Referring to fig. 4 and 5, in the present invention, the force feedback human-machine cooperation anti-collision detection module 4 includes:
the dynamic equation establishing module 41 is used for establishing a connecting rod coordinate system on a preset robot platform by adopting a D-H parameter method and establishing a robot dynamic equation according to a Lagrange dynamic formula;
the collision detection operator and disturbance observer establishing module 42 is used for constructing a collision detection operator based on the unchanged energy of the robot and a disturbance observer based on the variable quantity of the generalized momentum according to a robot dynamic equation and a momentum equation;
the data analysis module 43 determines the relation between the torque and the collision force of each joint based on the real-time feedback of the current of the robot system, provides a Jacobian matrix solving method for the robot, and analyzes the effectiveness of the detection collision;
the safety protection strategy making module 44 is used for making different safety protection strategies according to different collision situations and by combining actual working conditions based on the detection result of the collision detection model;
the simulation verification and optimization module 45 is used for performing simulation verification and optimization on the effectiveness of the robot collision detection operator and the rationality of the safety protection strategy based on the ADAMS-Simulink combined simulation platform;
and the actual effect verification module 46 is used for verifying and evaluating the actual effect of the obstacle avoidance and protection safety strategy based on force feedback based on a preset robot platform.
As an improvement to the present invention, the security protection policy includes: 1. stopping after collision, namely immediately enabling the servo driver to be disconnected by the control system after the robot control system detects a collision signal; or 2, switching the control mode by the robot control system after collision, and converting the position mode into a moment mode; or 3, after the collision, the robot changes the original motion track and leaves the collision area.
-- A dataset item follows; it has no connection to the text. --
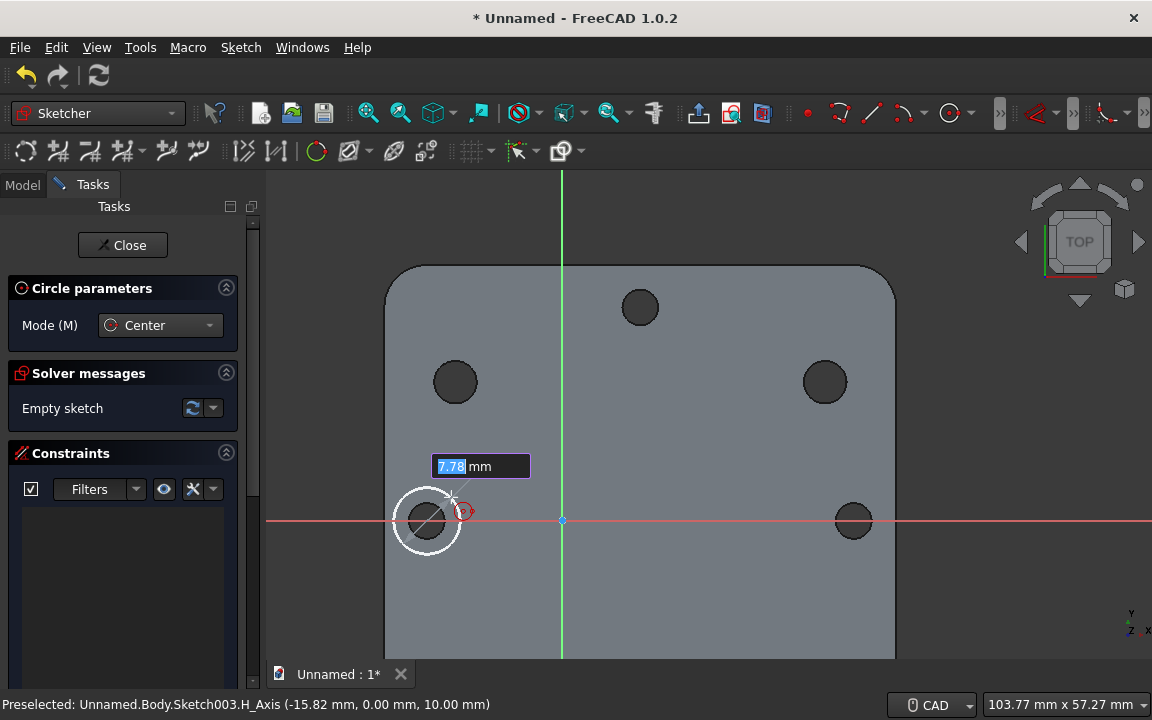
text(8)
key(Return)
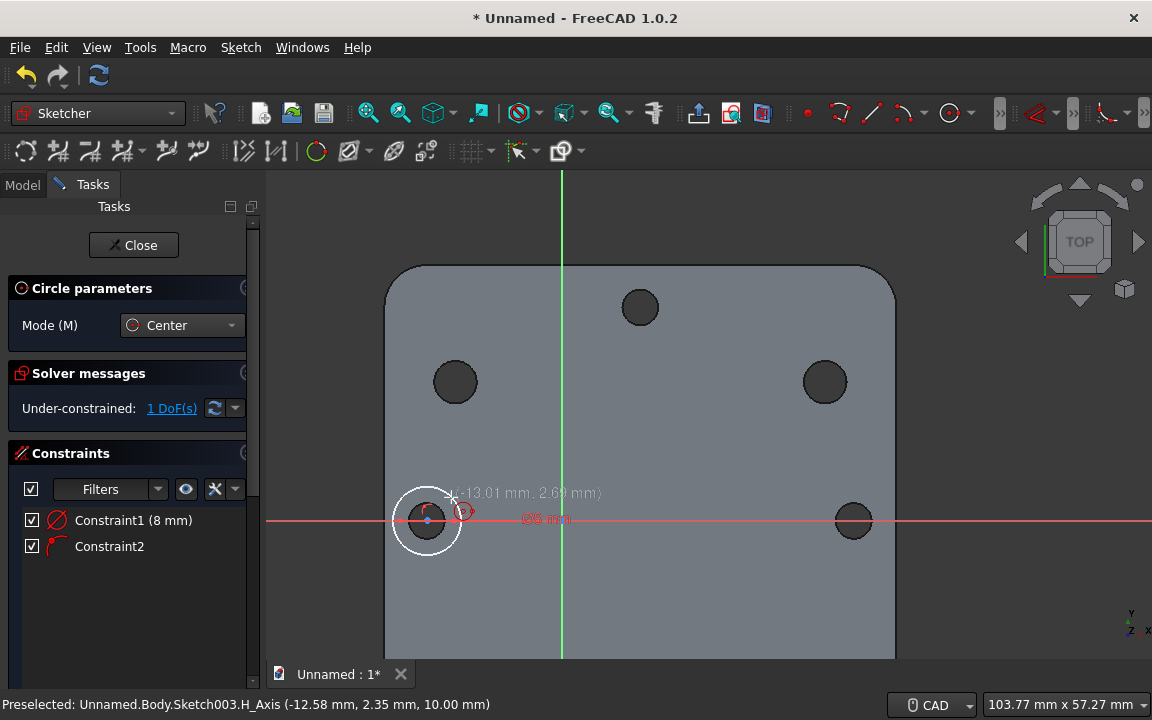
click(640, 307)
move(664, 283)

Preferably, the present invention further comprises:
the monocular binocular stereo matching module 47 is used for constructing a monocular binocular stereo matching model based on SVS, optimizing geometric constraint conditions on a loss function, and realizing accurate estimation of the depth of a detection target in a monocular image through a left-right view synthesis process and binocular stereo matching;
the convolution feature extraction module 48 is used for performing deep convolution feature extraction by adopting a ResNet model based on the RGB image acquired by the monocular camera;
the human skeleton key point processing module 49 optimizes the structure design of the double-branch depth convolution neural network according to the geometric priori knowledge of the human skeleton joints and the correlation relationship among the joints, realizes the synchronous processing of the joint points and the correlation relationship among the joints, one branch performs human skeleton key point regression in a mode of combining a probability heat map and an offset, and one branch detects the joint correlation information of a plurality of people in an image and forms human skeleton sequence data through bipartite map matching;
the human body skeleton image data processing module 410 is used for reconstructing a human body skeleton image data set by combining the characteristics of an industrial man-machine cooperation scene based on a Microsoft COCO data set, carrying out joint point data annotation by adopting open source alphaphase of Shanghai university of transportation, and obtaining an attitude data set facing the industrial cooperation scene by combining manual adjustment.